The Zetasizer Nano range accurately and reproducibly determines the size of particles or molecules, yielding results with the optimum level of confidence possible.
The Zetasizer NanoSampler delivers the same performance even if there is an increase in the sample throughput. Calibration is not required for the Zetasizer Nano as it employs light scattering to obtain results from first principles.
The GLP performance verification process typically employs polystyrene (PS) latex standards of known size. This article demonstrates the reliability, reproducibility and accuracy of the NanoSampler accessory for the Zetasizer Nano series of instruments using PS latex standards.
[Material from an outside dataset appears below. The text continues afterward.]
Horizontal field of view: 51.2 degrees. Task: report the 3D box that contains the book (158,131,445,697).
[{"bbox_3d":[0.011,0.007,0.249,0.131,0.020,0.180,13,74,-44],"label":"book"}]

Sample Preparation and Experimental Procedure
The sample preparation started with the preparation of a buffer by adding 100ml of ultra pure deionized water to 7 mL of a 0.92M NaCl solution. Around 20 mL of the buffer prepared was then mixed with 4 drops of a 60 nm Latex Sample (LTX3060A from Thermo Scientific). Then, 2 mL of buffer solution was taken and mixed with 7 drops of a 200 nm Latex Sample (LTX3200A from Thermo Scientific).
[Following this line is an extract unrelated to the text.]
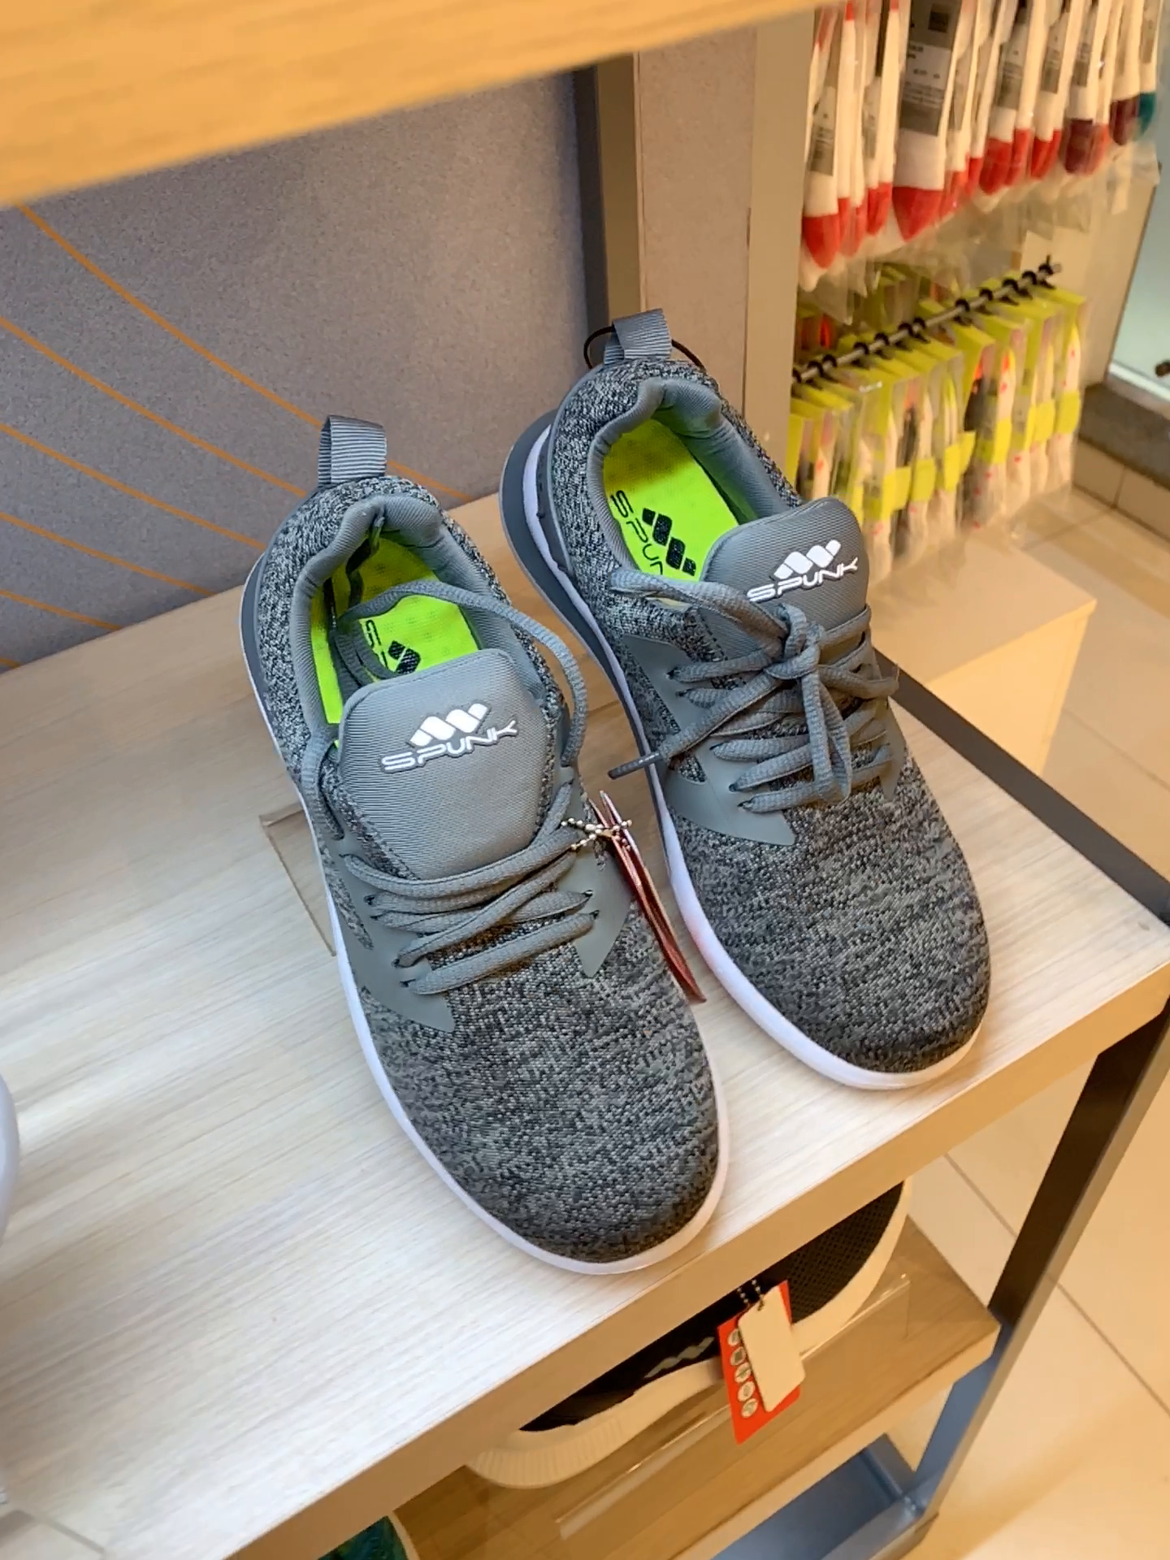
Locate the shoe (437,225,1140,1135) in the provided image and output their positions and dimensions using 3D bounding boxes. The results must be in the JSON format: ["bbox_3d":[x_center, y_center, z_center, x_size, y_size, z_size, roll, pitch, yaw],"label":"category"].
[{"bbox_3d":[0.052,-0.029,0.364,0.090,0.080,0.240,-23,85,-19],"label":"shoe"}]

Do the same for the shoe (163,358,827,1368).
[{"bbox_3d":[-0.032,0.017,0.336,0.080,0.080,0.241,-21,80,-15],"label":"shoe"}]

In this experiment, the size of two different polystyrene latex samples were measured using a combination of a Zetasizer NanoSampler (ZEN2000) equipped with a quartz flow cell and a Zetasizer Nano ZSP (ZEN5600).
The reproducibility of the results was assessed by the Zetasizer software (v 7.10) . The disposable plastic cuvette (DTS0012) was employed for batch measurements.
Experimental Results
Batch Measurements
The Zetasizer Nano facilitates batch measurements even if it is used in conjunction with the NanoSampler. The Zetasizer analyzed the samples in batch mode before performing automated measurements.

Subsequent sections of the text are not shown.